La Lune et le Sabre - Chapitre 17

Par Deuxcentcinquanteetun @DeuxCent51

Chapitre 17

Les jours suivants, quand les enfants viennent, ils aident Omae dans son champ de soja. Ainsi elle peut plus rapidement se libérer et les accompagnant dans les abords du temple élevé, avec sa forêt quasi mystique, elle peut alors leur enseigner, à tous les deux, les arts guerriers.
Miki est une fille, plus jeune que Koji, mais cela ne change rien quand à la dureté avec laquelle "leur nonne" l'entraîne et la traite. Elle fait juste attention à ne pas la blesser physiquement, contrairement à Koji. Cependant, elle n'hésite pas à lui faire mal.
Lors d'un entrainement, elle demande à Koji de maîtriser Miki, avec ses bras, de l'amener au sol et de la maintenir ainsi, sans qu'elle puisse se débattre. Bien sûr, à Miki, l'information donnée est toute autre.
- Koji va t'attaquer. A toi de défendre ta vie !

Miki, sans surprise, se retrouve surprise au sol. Elle n'avait pas anticipé que son frère ne lui assènerait aucun cou, mais juste la plaquerait au sol.

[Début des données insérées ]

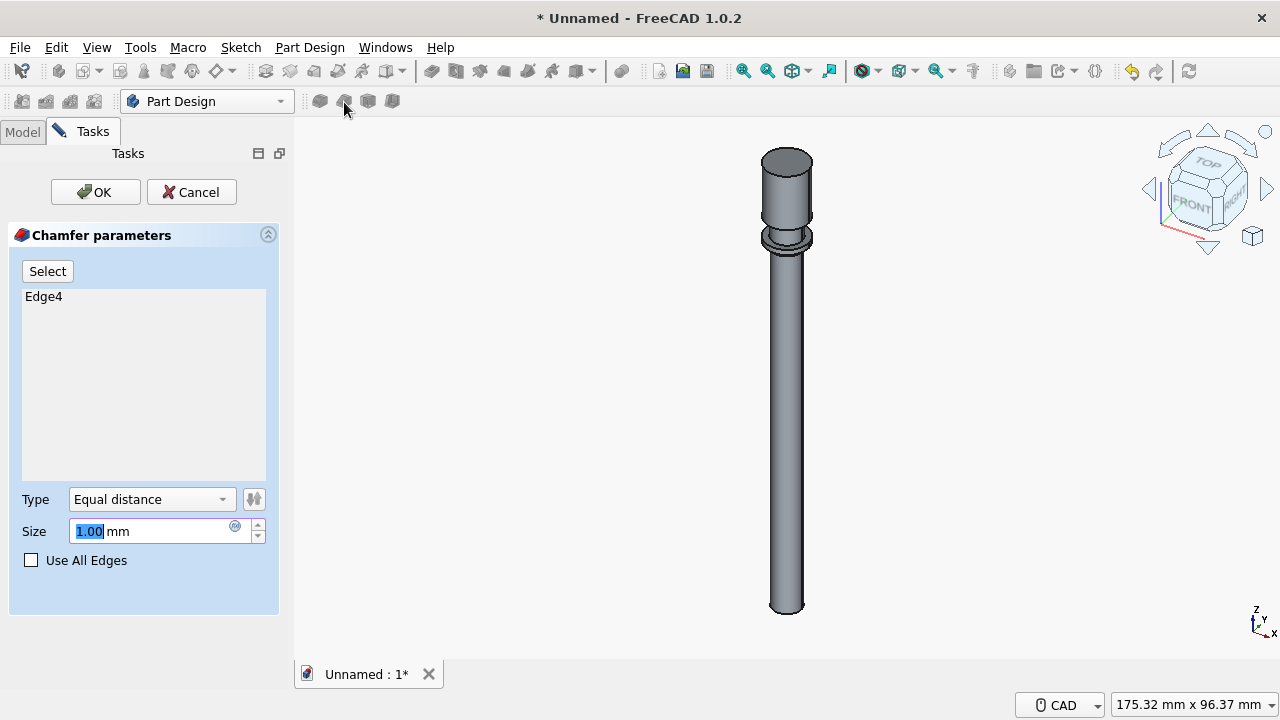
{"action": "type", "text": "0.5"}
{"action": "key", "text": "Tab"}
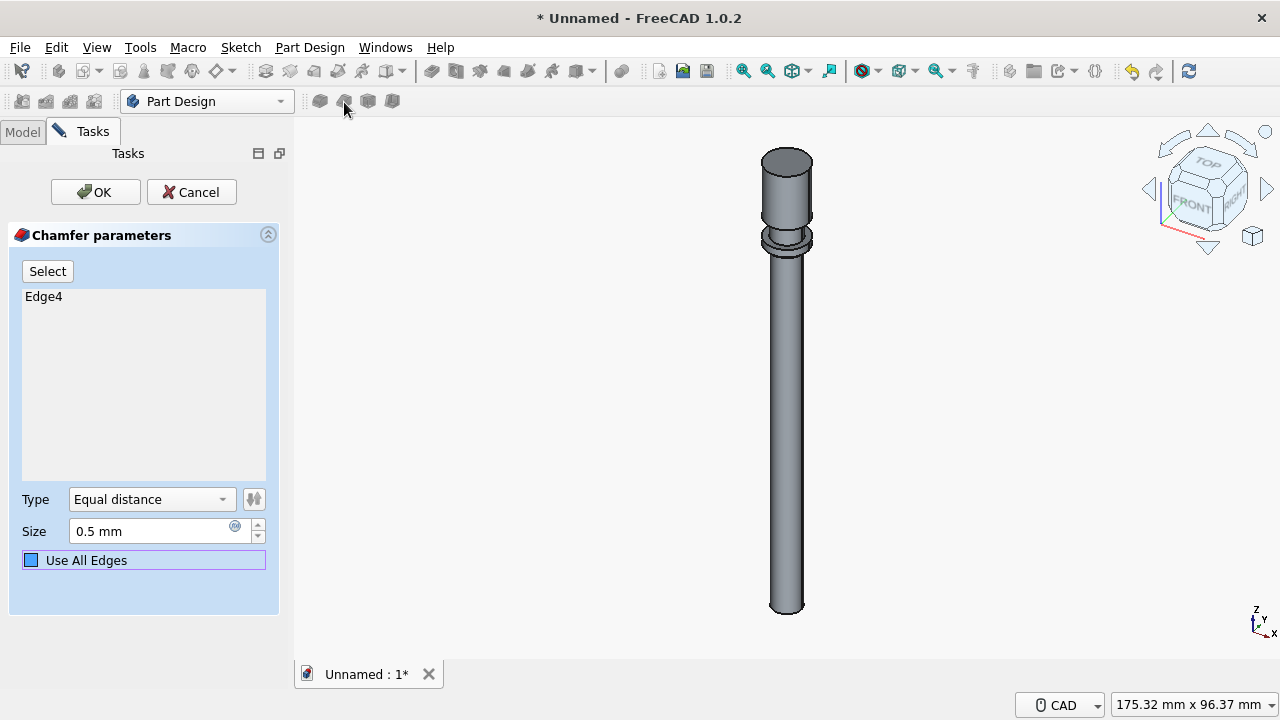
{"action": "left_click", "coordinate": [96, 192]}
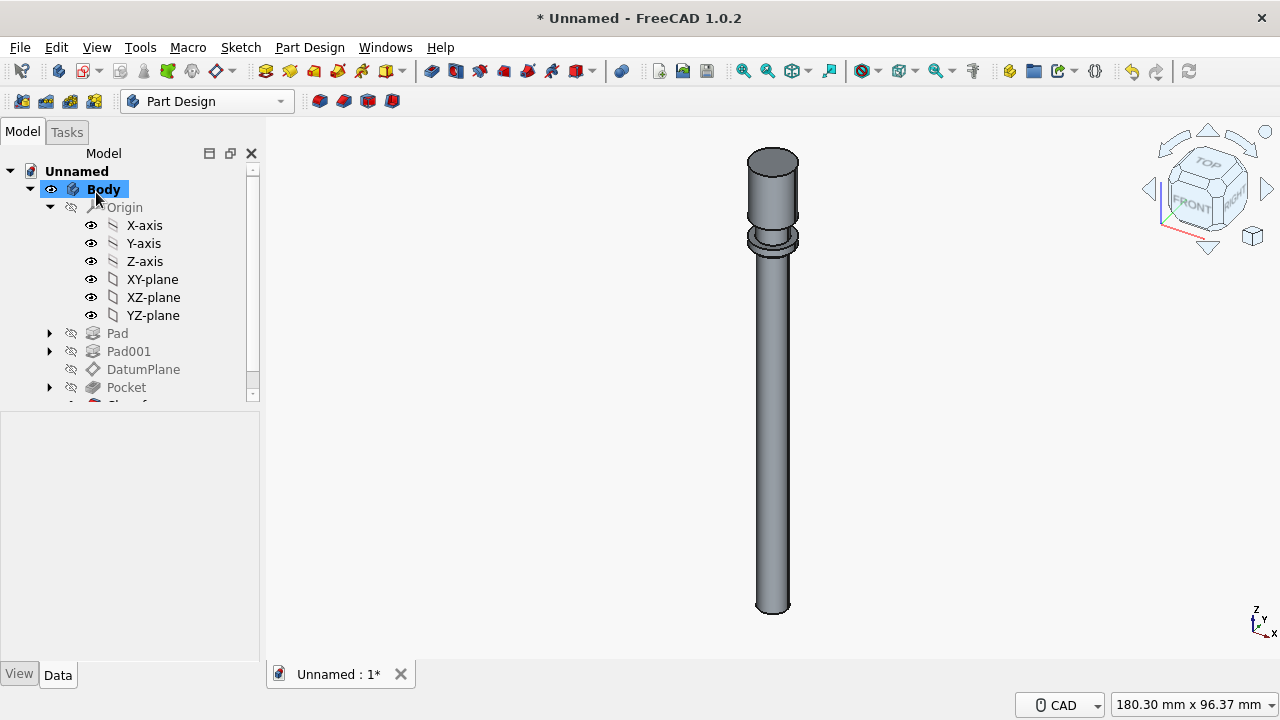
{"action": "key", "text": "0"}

Elle est maintenant immobile, son frère à califourchon sur elle, lui tenant les bras écartés, sans qu'elle puisse bouger.
- Et alors ! C'est comme ça que tu défends ta vie ?, grogne Omae.
- Mais je ne peux pas bouger ! Il est plus fort que moi !, gémit Miki.
- Alors tu es morte ! Je ne peux rien t'enseigner !
- Mais... 

Et Miki de sangloter... Koji s'apprête à se relever mais Omae l'interrompt dans son intention.
- Koji ! T'ai-je donné l'ordre de la relâcher ?
- Mais... elle ne peut rien faire... On pourrait refaire le...
- Non !, lâche Omae d'un ton sec, sans appel.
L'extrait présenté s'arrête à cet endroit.